Processing of geocoder on the whole dataframe may lead to time-out errors. Instead, manually looping over each row of the dataframe turns out to be a robust approach

In [22]:
from geopy.geocoders import Nominatim
geolocator = Nominatim(user_agent="Munich_explorer")

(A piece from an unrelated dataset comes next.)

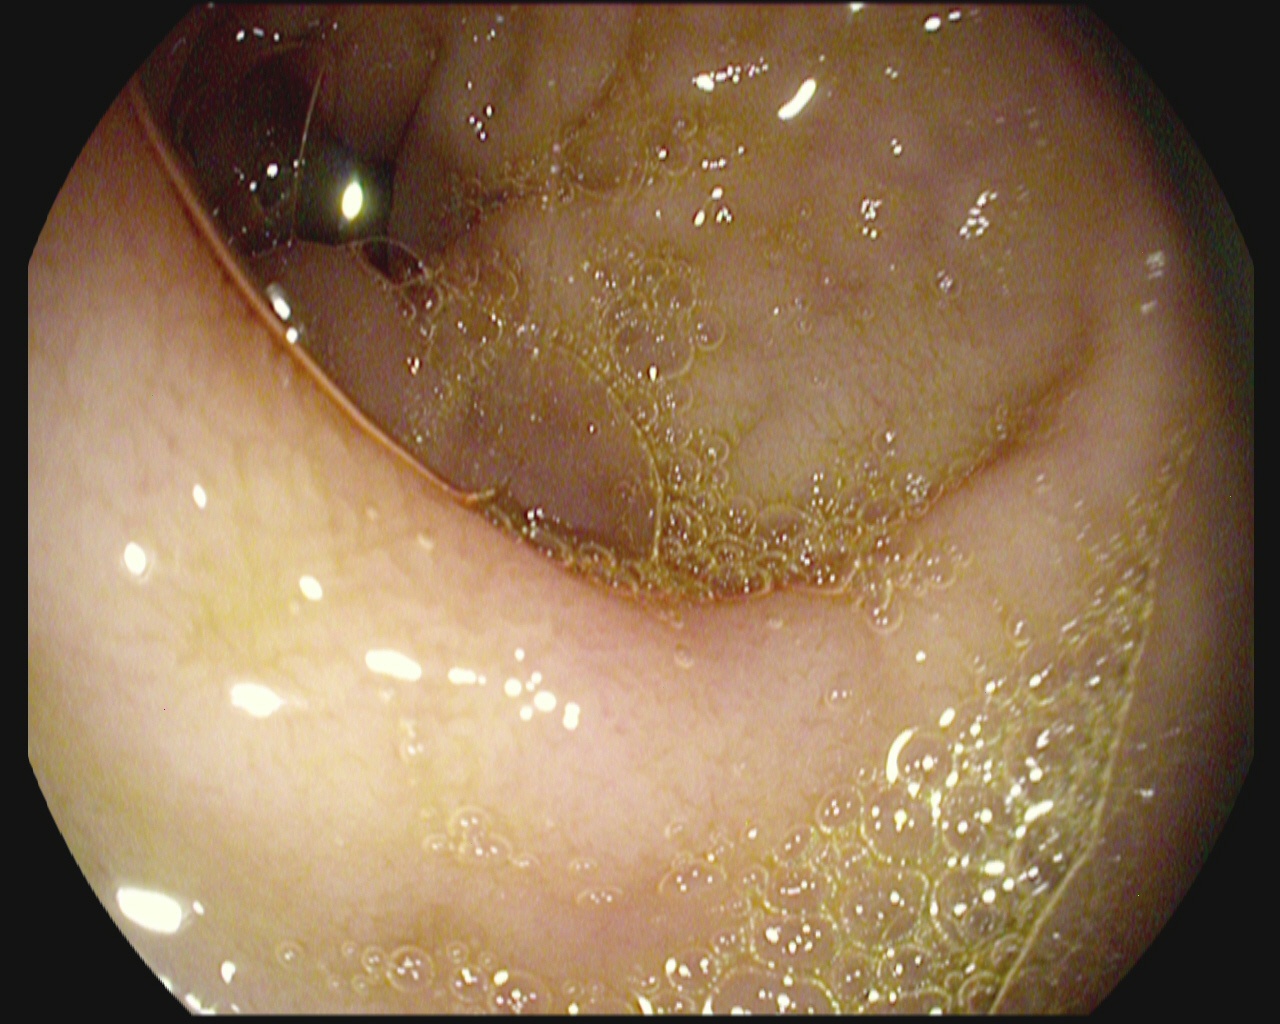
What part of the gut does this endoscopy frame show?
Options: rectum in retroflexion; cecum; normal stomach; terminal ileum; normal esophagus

#df['district_coord'] = df['Search term'].apply(geolocator.geocode).apply(lambda x: (x.latitude, x.longitude))
#df

import time
coords = []
for i,r in df.iterrows():
    location = geolocator.geocode(r['Search term'])
    coords.append(location[1])
    print(location[0], location[1])
    time.sleep(2) # pause between search request
#coords

Stadtbezirk 01 Altstadt-Lehel, München, Bayern, Deutschland (48.143648049999996, 11.589578888860586)
Stadtbezirk 02 Ludwigsvorstadt-Isarvorstadt, München, Bayern, Deutschland (48.130722250000005, 11.566525978684702)
Stadtbezirk 03 Maxvorstadt, München, Bayern, Deutschland (48.1465704, 11.5714445)
Stadtbezirk 04 Schwabing-West, München, Bayern, Deutschland (48.166354049999995, 11.566190844059609)
Stadtbezirk 05 Au-Haidhausen, München, Bayern, Deutschland (48.130273849999995, 11.59833361534854)
Stadtbezirk 06 Sendling, München, Bayern, 81371, Deutschland (48.1159214, 11.54838668124458)
Stadtbezirk 07 Sendling-Westpark, München, Bayern, Deutschland (48.11803085, 11.519332770284128)
Stadtbezirk 08 Schwanthalerhöhe, München, Bayern, 80339, Deutschland (48.13458915, 11.538012925336673)
Stadtbezirk 09 Neuhausen-Nymphenburg, München, Bayern, Deutschland (48.1566258, 11.518015570976043)
Stadtbezirk 10 Moosach, München, Bayern, Deutschland (48.1854255, 11.515593609710727)
Stadtbezirk 11 Milberts

Create the final data frame by adding the coordinates

In [25]:
df['district_coord'] = coords
df[['Latitude', 'Longitude']] = df['district_coord'].apply(pd.Series)
df.drop(['district_coord'], axis=1, inplace=True)
df

Unnamed: 0,No.,district,area,population,Search term,Latitude,Longitude
0,1,Altstadt-Lehel,315,21.1,Stadtbezirk 01 Altstadt-Lehel,48.143648,11.589579
1,2,Ludwigsvorstadt-Isarvorstadt,440,51.644,Stadtbezirk 02 Ludwigsvorstadt-Isarvorstadt,48.130722,11.566526
2,3,Maxvorstadt,430,51.402,Stadtbezirk 03 Maxvorstadt,48.14657,11.571445
3,4,Schwabing-West,436,68.527,Stadtbezirk 04 Schwabing-West,48.166354,11.566191
4,5,Au-Haidhausen,422,61.356,Stadtbezirk 05 Au-Haidhausen,48.130274,11.598334
5,6,Sendling,394,40.983,Stadtbezirk 06 Sendling,48.115921,11.548387
6,7,Sendling-Westpark,781,59.643,Stadtbezirk 07 Sendling-Westpark,48.118031,11.519333
7,8,Schwanthalerhöhe,207,29.743,Stadtbezirk 08 Schwanthalerhöhe,48.134589,11.538013
8,9,Neuhausen-Nymphenburg,1291,98.814,Stadtbezirk 09 Neuhausen-Nymphenburg,48.156626,11.518016
9,10,Moosach,1109,54.223,Stadtbezirk 10 Moosach,48.185426,11.515594


### Conclusions
The initial data frame was created with the distrcit names and corresponding coordinates. In the following we will concentrate on the major business districts:
* Altstadt-Lehel
* Schwabing-West
* Au-Haidhausen
* Ludwigsvorstadt-Isarvorstadt
* Maxvorstadt

### Pitfalls
* The search term for the geocoder needs to have a specific format. Initially, just using the district name in the query, coordinates of some place within the district were returned. The latter was revealed by plotting the district coordinates in a map and manual cross-check on https://nominatim.openstreetmap.org/search.php
* The geocoder query may lead to timeout errors if the full list is passed. These errors could be circumvented by manually looping through the dataframe row by row.